Definition: Vocoder is an audio processor that is used to transmit speech or voice signal in the form of digital data. The vocoder is used as short form for voice coder. Vocoders are basically used for digital coding of speech and voice simulation. The bitrate for available narrowband vocoders is from 1.2 to 64 kbps.
Vocoder operates on the principle of formants. Formants are basically the meaningful components of a speech that is generated due to the human voice.
Whenever a speech signal is transmitted, it is not needed to transmit the precise waveform. We can simply transmit the information by which one can reconstruct that particular waveform. This reconstructed waveform at the receiver must be similar and not identical to the waveform actually transmitted.
Vocoder works in such a way that it first captures the characteristic element of the signal. Then other audio signals are affected by the use of that characteristic signal.
Vocoders are used for voice synthesis. The vocoder takes two signals and creates a third signal using the spectral information of the two input signals. It aims to emblem the amplitude and frequency characteristic of speech signal onto the synthesis signal, while maintaining the pitch of the speech signal.
Let’s have a look at the voice model shown below-
A voice model is used to simulate voice. As speech contains a sequence of voiced and unvoiced sounds, this is the basis for the operation of a voice model.

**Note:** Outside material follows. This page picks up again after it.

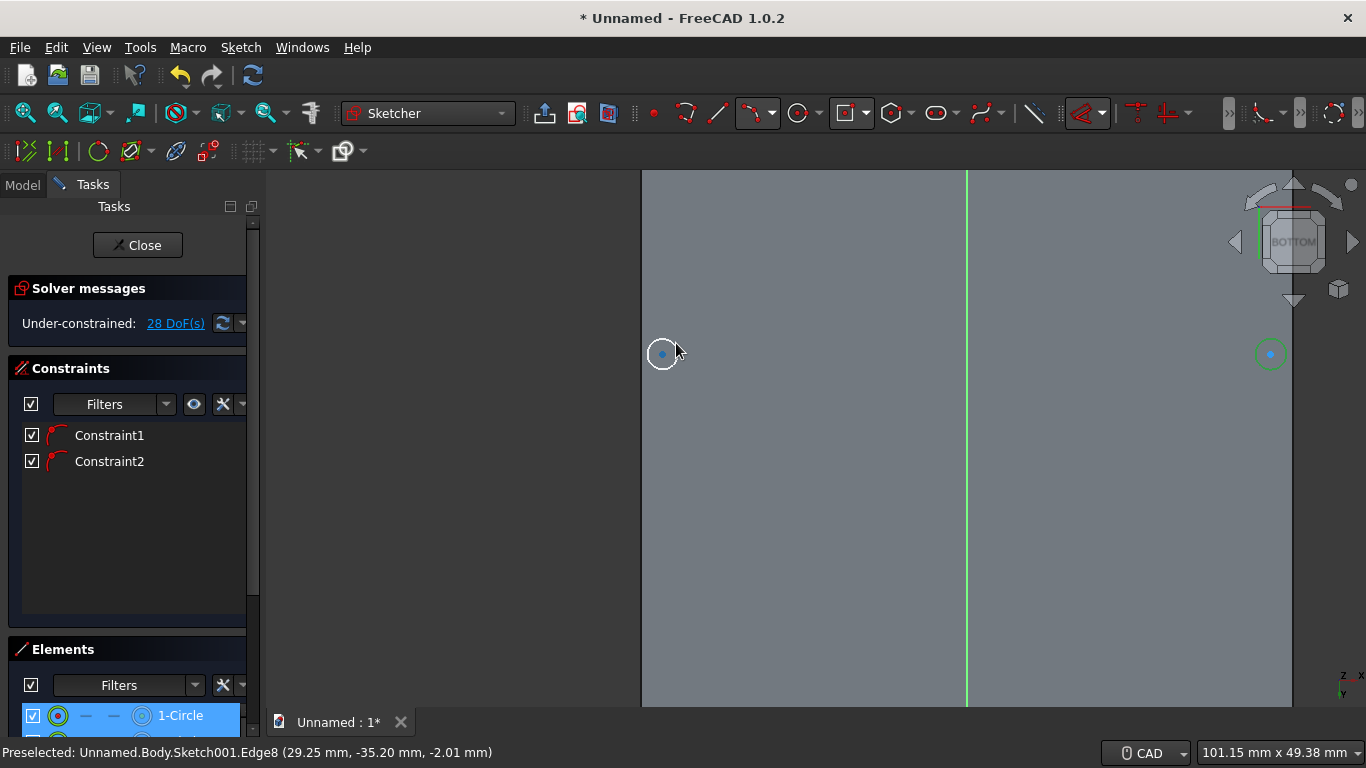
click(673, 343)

Before proceeding further, it is better to first understand what is voiced and unvoiced sounds.
Voice sounds are basically the sounds generated by vibrations of the vocal cords.

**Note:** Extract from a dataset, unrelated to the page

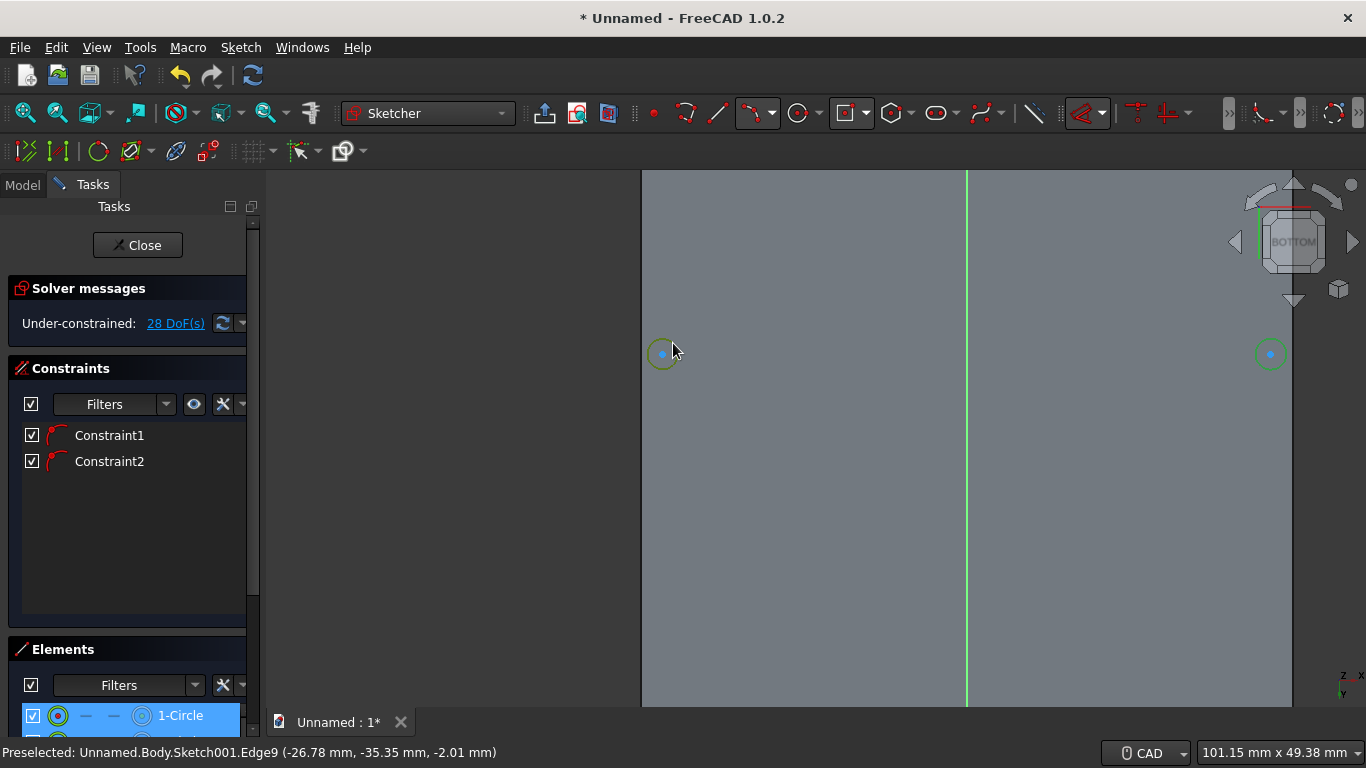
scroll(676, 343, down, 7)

On contrary, the sound produced at the pronunciation of the letters such as ‘s’, ‘p’ or ‘f’ is known as unvoiced sounds. Unvoiced sounds are generated by expelling air through lips and teeth.
As we can see in the above figure of speech model used in Vocoder. Here, voiced sounds are simulated by the impulse generator, the frequency of which is equal to the fundamental frequency of vocal cords. The noise source present in the circuit is used to simulate the unvoiced sounds.
The position of the switch helps in determining whether the sound is voiced or unvoiced.
Then the selected signal is passed through a filter that simulates the effect of mouth, throat and nasal passage of speaker. The filter unit then filters the input in such a way so as the required letter is pronounced. Thus we can have a synthesised approximated speech waveform.
LPC is extensively used in case of speech and music application. LPC is an acronym for Linear Predictive Coding. It is basically a technique to estimate future values. In simple words we can say, by analysing two previous samples it predicts the outcome.
Vocoder is comprised of voice encoder and decoder. Let us now discuss the operation of each in detail-
The figure given below shows the block diagram of voice encoder-
The frequency spectrum of the speech signal (200Hz – 3200Hz) is divided into 15 frequency ranges by using 15 Bandpass filter(BPF) each having bandwidth range of 200Hz. The output of BPF acts as input for the rectifier unit.
Here, the signal is rectified and filtered so as to produce a dc voltage. This generated dc voltage is proportional to the amplitude of AC signal present at the output of the filter.
The input of the frequency discriminator is the speech signal. Frequency discriminator unit is followed by a Low pass filter(LPF) of 20Hz. This LPF generates a dc voltage proportional to the voice frequency. The frequency represents nothing else than the pitch of the voice.
This dc voltage also indicates whether the speech is voiced or unvoiced.
Now, the output at all the LPF’s is dc voltage which is sampled, multiplexed and A/D converted. So, we have a digital equivalent of the speech signal at the output of the encoder. This encoded voice signal consists of frequency component from 200Hz to 3200Hz, information regarding the pitch of the speech and whether it is voiced or unvoiced.
The digital voice signal generated by the voice encoder is firstly decoded. Then voice decoder using a speech synthesizer produces voice signal at its output. It generally generates an approximate voice signal.
The block diagram of voice decoder section is shown below-
The demultiplexer and DAC section convert the received encoded signal back to its analog form. Here, a balanced modulator(BM)-filter combination is used in correspondence to rectifier-filter combination at the encoder. The carrier to this BM is either the output of noise generator or pulse generator. But this depends on the position of the switch.
However, the switch position is decided by the decoder. It is so because when the voiced signal is received, the switch connects the pulse generator output to the input of all the BM.
Similarly, when an unvoiced signal is received, the switch connects noise generator output to the input of all the BM. But, the position of the switch totally depends on the decision of decoder.
Only certain BM will provide the output if the received signal is voiced. This totally depends on the frequency component of the received signal. But we can get output from all the BM if the received signal is unvoiced. The adder will thus add up all the analog signal and produce voice or speech output.
Speech transmission using Vocoder is helpful but it is a disadvantageous technique. This is so because it leads to degradation in speech quality.